START Dataset records
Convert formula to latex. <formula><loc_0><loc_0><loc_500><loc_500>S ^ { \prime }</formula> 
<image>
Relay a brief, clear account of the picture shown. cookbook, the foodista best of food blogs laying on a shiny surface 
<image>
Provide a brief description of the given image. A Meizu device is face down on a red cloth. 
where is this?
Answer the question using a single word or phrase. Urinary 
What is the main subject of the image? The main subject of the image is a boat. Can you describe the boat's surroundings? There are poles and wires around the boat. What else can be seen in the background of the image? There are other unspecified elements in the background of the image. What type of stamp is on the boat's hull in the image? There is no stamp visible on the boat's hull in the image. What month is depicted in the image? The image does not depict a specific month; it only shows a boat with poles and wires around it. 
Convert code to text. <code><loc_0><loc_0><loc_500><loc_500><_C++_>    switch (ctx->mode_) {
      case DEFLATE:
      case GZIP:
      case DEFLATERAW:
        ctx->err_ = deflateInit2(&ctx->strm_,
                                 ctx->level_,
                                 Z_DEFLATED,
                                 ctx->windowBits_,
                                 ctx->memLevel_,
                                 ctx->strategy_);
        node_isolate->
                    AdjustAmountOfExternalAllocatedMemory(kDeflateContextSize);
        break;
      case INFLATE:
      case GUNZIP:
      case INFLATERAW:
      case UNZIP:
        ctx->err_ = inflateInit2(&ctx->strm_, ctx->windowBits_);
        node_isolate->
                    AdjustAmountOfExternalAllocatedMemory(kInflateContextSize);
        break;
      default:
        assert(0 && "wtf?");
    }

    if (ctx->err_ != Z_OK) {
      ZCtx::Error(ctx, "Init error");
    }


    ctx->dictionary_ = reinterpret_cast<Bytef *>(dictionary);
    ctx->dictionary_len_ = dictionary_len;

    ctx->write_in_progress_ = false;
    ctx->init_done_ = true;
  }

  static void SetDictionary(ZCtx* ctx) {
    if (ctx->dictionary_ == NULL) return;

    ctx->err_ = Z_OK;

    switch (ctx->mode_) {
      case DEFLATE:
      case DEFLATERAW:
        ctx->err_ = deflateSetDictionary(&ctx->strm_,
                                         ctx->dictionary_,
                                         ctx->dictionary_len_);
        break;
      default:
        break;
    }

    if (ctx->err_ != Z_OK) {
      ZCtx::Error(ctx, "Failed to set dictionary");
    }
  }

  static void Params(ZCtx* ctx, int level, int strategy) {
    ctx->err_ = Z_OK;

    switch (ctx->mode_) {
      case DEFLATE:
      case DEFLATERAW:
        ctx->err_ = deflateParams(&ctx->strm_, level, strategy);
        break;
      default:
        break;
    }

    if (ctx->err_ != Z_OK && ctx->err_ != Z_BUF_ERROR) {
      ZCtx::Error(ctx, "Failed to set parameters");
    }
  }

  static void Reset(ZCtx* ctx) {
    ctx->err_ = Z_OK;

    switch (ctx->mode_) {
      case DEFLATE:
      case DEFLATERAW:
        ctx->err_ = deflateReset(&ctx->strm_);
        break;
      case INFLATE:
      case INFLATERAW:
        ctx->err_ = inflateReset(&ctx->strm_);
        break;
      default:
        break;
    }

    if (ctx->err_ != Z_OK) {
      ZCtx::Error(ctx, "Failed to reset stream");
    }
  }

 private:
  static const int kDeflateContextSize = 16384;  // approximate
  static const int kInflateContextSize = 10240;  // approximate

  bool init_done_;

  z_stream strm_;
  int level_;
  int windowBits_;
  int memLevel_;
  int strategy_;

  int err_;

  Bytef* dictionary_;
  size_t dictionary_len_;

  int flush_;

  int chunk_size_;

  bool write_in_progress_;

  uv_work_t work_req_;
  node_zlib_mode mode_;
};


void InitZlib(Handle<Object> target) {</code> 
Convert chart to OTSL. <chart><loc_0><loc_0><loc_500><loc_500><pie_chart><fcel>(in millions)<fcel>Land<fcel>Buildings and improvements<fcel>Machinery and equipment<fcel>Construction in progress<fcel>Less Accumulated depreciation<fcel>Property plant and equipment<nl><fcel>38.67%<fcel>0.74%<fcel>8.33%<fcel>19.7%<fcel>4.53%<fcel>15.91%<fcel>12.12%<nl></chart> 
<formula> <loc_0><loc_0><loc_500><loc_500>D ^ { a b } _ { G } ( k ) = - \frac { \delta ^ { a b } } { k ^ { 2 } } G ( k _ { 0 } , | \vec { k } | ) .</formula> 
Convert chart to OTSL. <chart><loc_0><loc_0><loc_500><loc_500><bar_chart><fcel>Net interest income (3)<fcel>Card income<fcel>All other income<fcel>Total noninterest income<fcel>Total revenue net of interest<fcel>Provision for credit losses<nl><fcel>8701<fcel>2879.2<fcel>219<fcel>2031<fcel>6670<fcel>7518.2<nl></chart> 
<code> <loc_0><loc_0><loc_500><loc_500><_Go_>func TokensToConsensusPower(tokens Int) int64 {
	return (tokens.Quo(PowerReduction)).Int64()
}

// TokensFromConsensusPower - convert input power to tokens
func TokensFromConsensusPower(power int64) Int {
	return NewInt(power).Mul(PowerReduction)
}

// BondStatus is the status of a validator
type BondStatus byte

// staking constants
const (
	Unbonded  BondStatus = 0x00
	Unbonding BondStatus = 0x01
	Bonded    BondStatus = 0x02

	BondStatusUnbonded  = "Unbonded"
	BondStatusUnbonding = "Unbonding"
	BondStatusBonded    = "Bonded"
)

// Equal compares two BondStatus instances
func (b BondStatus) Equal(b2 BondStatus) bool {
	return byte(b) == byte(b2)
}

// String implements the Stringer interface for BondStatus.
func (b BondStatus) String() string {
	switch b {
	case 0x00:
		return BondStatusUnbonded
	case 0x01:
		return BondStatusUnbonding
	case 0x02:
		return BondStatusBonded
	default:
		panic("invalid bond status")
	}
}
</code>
END Dataset records
> [Task to complete]: Which of the lines above carry the string "BondStatusUnbonded"? Pick them out and copy them.

> [Response to the task]:
	BondStatusUnbonded  = "Unbonded"
		return BondStatusUnbonded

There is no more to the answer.